* Instructions for the task: Drop all images and give the records again exactly.

* Stored entries:
· · · · · · ·

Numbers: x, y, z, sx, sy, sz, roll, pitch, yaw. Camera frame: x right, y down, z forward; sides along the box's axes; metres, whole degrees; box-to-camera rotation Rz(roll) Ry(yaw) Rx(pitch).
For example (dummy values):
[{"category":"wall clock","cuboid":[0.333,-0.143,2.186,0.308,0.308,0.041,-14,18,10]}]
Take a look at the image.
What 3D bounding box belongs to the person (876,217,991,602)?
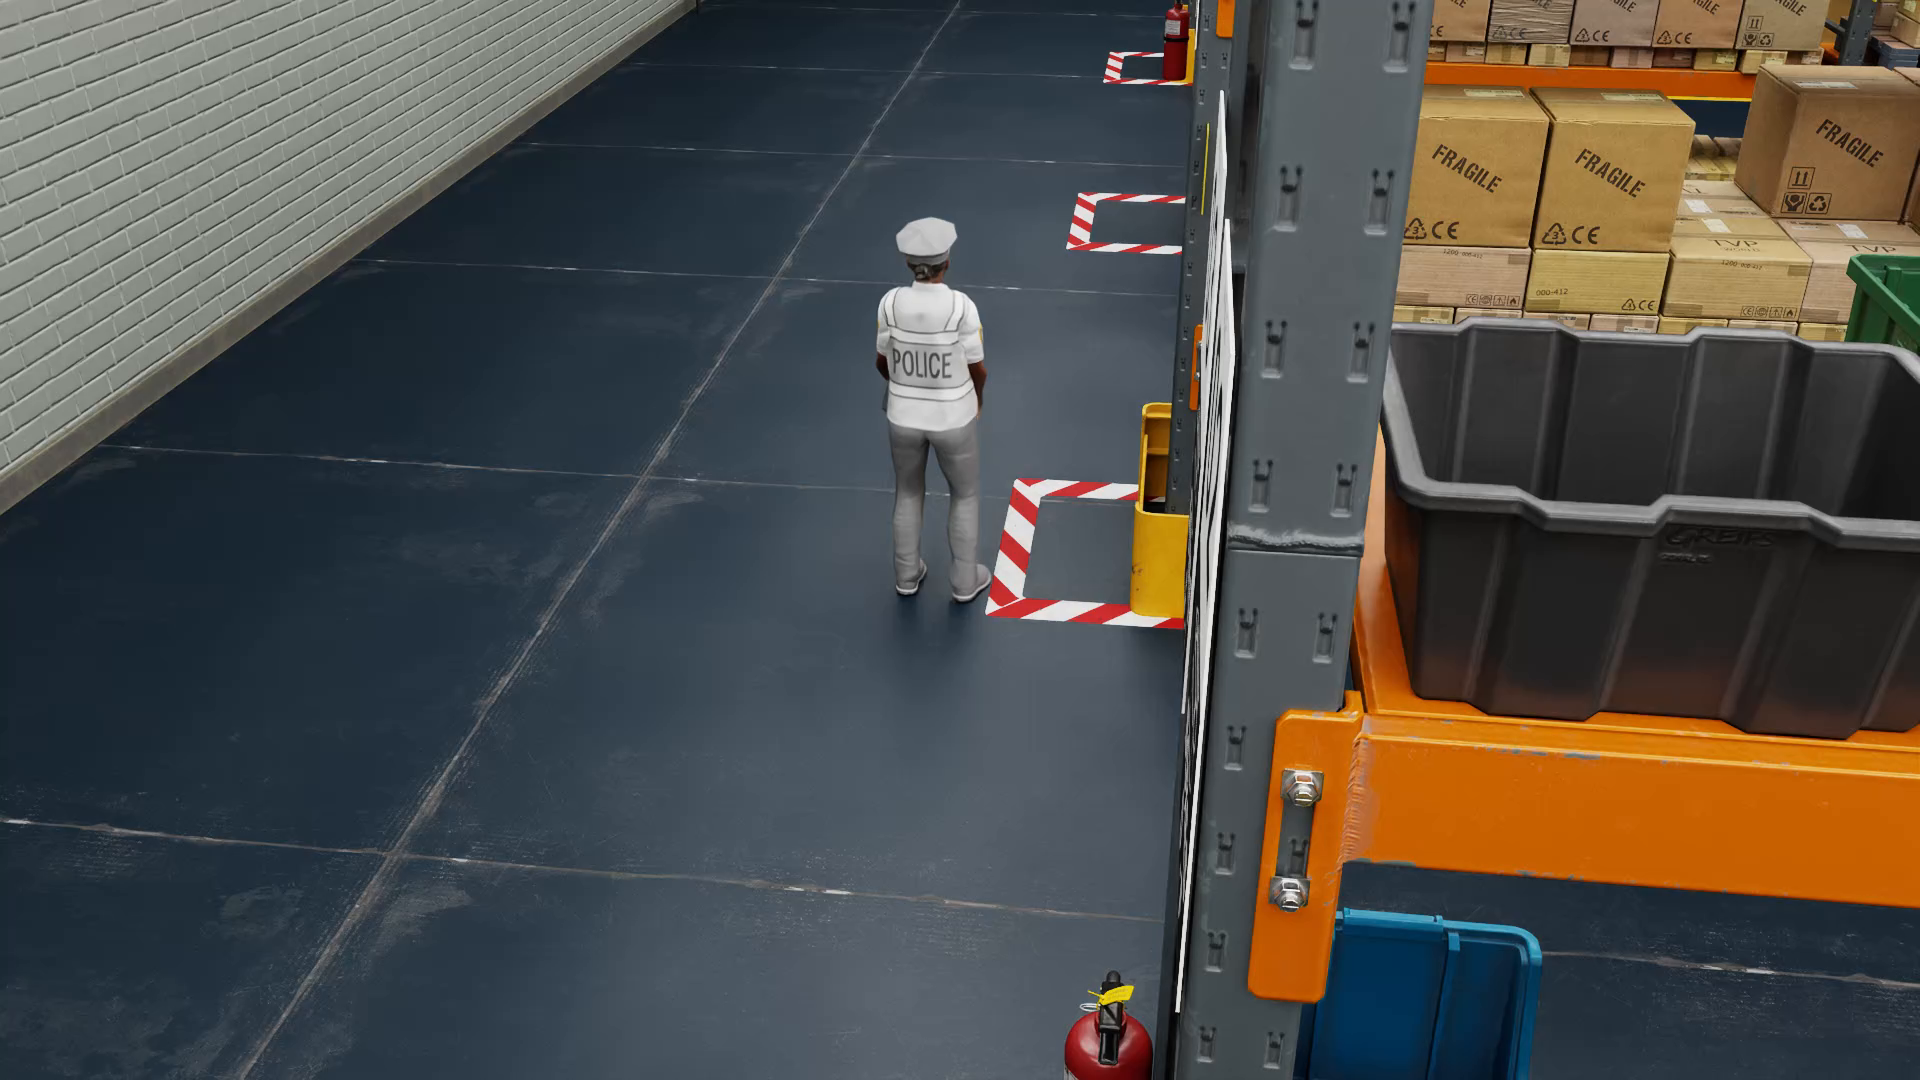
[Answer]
[{"category":"person","cuboid":[-0.110,-0.537,7.085,0.479,1.684,0.429,6,29,12]}]

· · · · · · ·

* Answer for the task:
Numbers: x, y, z, sx, sy, sz, roll, pitch, yaw. Camera frame: x right, y down, z forward; sides along the box's axes; metres, whole degrees; box-to-camera rotation Rz(roll) Ry(yaw) Rx(pitch).
For example (dummy values):
[{"category":"wall clock","cuboid":[0.333,-0.143,2.186,0.308,0.308,0.041,-14,18,10]}]
Take a look at the image.
What 3D bounding box belongs to the person (876,217,991,602)?
[Answer]
[{"category":"person","cuboid":[-0.110,-0.537,7.085,0.479,1.684,0.429,6,29,12]}]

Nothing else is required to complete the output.